Кто и как поспособствовал возникновению и поначалу оглушительным успехам появившегося нового крупного игрока - ИГИЛ. Вероятно, в ближайшие десятилетия многое на сей счет станет известным. Почти наверняка выяснится, что не обошлось без афганского героина в качестве "стартового капитала" и пышного букета из всевозможных разведок и спецслужб...
История эта вполне могла развиваться по схеме "восточного трансфера", ставшей сюжетной основой ряда глав в романе "Вексель судьбы" (2014 г).

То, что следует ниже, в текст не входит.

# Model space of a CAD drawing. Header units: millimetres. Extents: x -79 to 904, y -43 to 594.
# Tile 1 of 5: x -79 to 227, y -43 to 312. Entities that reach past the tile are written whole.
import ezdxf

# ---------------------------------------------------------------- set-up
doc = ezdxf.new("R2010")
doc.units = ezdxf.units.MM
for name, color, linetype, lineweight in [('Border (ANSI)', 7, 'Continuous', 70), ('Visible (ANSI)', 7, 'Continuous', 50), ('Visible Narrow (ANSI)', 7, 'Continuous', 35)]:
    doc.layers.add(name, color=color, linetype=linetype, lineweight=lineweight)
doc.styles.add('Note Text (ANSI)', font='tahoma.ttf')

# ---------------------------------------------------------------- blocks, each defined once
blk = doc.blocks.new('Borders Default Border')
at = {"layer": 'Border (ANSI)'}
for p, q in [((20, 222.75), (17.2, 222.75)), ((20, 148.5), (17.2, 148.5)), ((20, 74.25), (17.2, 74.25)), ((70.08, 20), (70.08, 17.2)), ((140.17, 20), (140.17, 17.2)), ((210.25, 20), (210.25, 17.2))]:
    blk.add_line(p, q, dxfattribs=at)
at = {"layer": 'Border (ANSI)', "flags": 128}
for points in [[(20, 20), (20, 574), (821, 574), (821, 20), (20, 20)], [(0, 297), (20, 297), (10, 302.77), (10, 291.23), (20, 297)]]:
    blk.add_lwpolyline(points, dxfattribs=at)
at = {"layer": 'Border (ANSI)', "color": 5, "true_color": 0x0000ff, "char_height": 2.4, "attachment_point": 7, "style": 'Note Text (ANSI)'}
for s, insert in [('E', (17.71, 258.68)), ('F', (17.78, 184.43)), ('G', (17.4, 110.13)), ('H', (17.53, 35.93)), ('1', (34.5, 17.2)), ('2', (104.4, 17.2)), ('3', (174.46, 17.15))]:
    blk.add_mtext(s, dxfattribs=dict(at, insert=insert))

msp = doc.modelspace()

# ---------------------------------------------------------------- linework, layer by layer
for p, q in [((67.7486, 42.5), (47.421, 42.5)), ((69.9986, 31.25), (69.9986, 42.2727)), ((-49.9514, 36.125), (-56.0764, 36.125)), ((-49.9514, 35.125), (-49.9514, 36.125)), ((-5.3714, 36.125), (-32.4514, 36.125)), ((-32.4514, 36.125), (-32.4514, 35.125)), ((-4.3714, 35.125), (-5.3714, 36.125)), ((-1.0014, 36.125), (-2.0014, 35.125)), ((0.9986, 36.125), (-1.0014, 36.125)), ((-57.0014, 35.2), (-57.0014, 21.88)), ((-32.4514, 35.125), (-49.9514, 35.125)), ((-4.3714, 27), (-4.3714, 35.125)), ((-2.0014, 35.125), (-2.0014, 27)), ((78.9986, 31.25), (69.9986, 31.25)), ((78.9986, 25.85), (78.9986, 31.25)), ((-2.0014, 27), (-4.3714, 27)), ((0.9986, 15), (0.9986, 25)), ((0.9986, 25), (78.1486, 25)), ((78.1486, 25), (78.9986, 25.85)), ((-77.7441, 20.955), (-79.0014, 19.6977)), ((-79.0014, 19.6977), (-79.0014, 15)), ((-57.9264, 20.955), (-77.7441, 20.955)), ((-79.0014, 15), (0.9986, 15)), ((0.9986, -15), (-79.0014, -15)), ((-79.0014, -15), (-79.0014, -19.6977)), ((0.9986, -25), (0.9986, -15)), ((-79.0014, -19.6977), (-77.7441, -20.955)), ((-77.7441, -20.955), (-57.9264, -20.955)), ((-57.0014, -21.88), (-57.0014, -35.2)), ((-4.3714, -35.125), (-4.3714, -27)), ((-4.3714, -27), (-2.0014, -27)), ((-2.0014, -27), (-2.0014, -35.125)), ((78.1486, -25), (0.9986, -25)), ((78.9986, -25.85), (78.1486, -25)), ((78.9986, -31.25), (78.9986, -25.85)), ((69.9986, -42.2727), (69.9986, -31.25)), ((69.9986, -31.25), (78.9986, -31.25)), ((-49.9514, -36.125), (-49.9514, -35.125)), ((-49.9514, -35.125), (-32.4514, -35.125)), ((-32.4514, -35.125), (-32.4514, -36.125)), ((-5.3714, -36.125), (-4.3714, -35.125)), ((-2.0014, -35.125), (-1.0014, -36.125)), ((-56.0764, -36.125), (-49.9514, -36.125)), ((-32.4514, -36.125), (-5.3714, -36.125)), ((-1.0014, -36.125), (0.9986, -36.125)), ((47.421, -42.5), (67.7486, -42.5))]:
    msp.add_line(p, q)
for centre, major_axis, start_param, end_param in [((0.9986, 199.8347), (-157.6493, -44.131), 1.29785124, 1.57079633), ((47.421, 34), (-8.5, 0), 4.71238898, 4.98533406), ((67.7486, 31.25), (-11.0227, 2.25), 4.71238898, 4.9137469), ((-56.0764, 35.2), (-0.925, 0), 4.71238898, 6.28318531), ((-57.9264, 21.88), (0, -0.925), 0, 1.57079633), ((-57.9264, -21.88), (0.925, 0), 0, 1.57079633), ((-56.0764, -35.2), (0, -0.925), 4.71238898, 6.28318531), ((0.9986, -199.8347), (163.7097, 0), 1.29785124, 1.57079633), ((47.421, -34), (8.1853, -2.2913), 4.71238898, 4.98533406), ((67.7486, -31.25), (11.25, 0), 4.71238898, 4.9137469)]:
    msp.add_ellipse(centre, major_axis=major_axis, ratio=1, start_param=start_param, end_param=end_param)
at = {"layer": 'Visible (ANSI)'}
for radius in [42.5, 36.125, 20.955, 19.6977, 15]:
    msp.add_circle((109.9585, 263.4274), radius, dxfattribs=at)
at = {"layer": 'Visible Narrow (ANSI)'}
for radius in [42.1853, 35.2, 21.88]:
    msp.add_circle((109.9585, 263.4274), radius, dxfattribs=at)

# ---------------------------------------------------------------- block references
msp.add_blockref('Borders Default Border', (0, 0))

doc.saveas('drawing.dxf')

 "...Партнёр и с недавних пор соуправитель женевской адвокатской конторы “Garry Awerbach” Майкл Сименс был аккуратен, трудолюбив и немногословен.Из этих трёх черт, в достаточной степени определявших его характер, первую и третью он старался на публике подчёркивать и даже немного педалировать, а вторую – предпочитал скрывать. Майкл полагал, что открыто демонстрируемое трудолюбие принижает его значимость в качестве влиятельного и опытного юриста, бизнес которого строится пусть на нечастых, но зато чрезвычайно масштабных и, как правило, фантастически щедрых в части вознаграждения поручениях и проектах. Он хорошо знал психологию своих заказчиков, среди которых можно было встретить кого угодно, но только не трудяг и не собирателей капитала по принципу “brick to brick”. Именно для этой публики, привыкшей полагаться на удачу, юридический советник и финансовый консультант – а Майкл, главным образом, брался за услуги соответствующего профиля – также должен был быть блестящ, успешен, удачлив или, говоря по-русски, фартов.
Майкл Сименс родился и вырос в Москве, и до двадцати трёх лет был Михаилом Львовичем Цимесским. Прежний Миша Цимесский пропал без вести в Афганистане в 1984 году, куда был мобилизован сразу же после окончания педагогического института. Во время вынужденной отлучки в расположение соседнего батальона за запасной лучевой антенной для радиостанции, катушку с которой накануне раздавил бронетранспортёр, но виноватым назначали его – история мутная и малоприятная,– он был схвачен бородачами и уведён в горы. Поскольку его исчезновение из части произошло не во время боевых действий, он отлично понимал, какая участь ожидает его как дезертира, и потому сразу же исключил для себя возможность возвращения. В отличие от многих, Мише повезло – его доставили в лагерь моджахедов, плотно опекаемых американцами, поэтому вместо пыток или обращения в ислам сразу же предложили поставить свою подпись под какой-то международной петицией и эмигрировать в Канаду.
Так Миша и поступил. Получив статус беженца со всеми причитающимися благами, он вполне мог, подобно иным своим товарищам по афганскому плену, безбедно прожигать жизнь на welfare. Однако он сразу же избрал другой путь – поступил в университет в Монреале, где за несколько лет приобрёл специальность магистра права, и затем до начала девяностых стажировался в крупных финансовых компаниях. Чтобы заслужить репутацию профессионала, все эти годы ему приходилось пахать без перерывов и выходных, однако результат не замедлил сказаться: реноме Майкла Сименса как дипломированного юриста, сведущего в вопросах торгового финансирования, биржевых операций и аудита, было безукоризненным.
В России у него оставалась только старенькая мать, которая была уверена, что её сын погиб на афганской войне. Пока на родине довлела статья за дезертирство, он боялся, что если мать прознает о его спасении, то вместо переписки или свидания пострадает от властей, а после горбачёвской амнистии решил, что весть о его “воскрешении” для старушки может стать убийственной. Поэтому он поспешил сжечь все мосты и забыть о прошлом навсегда, чтобы полностью посвятить себя новой жизни.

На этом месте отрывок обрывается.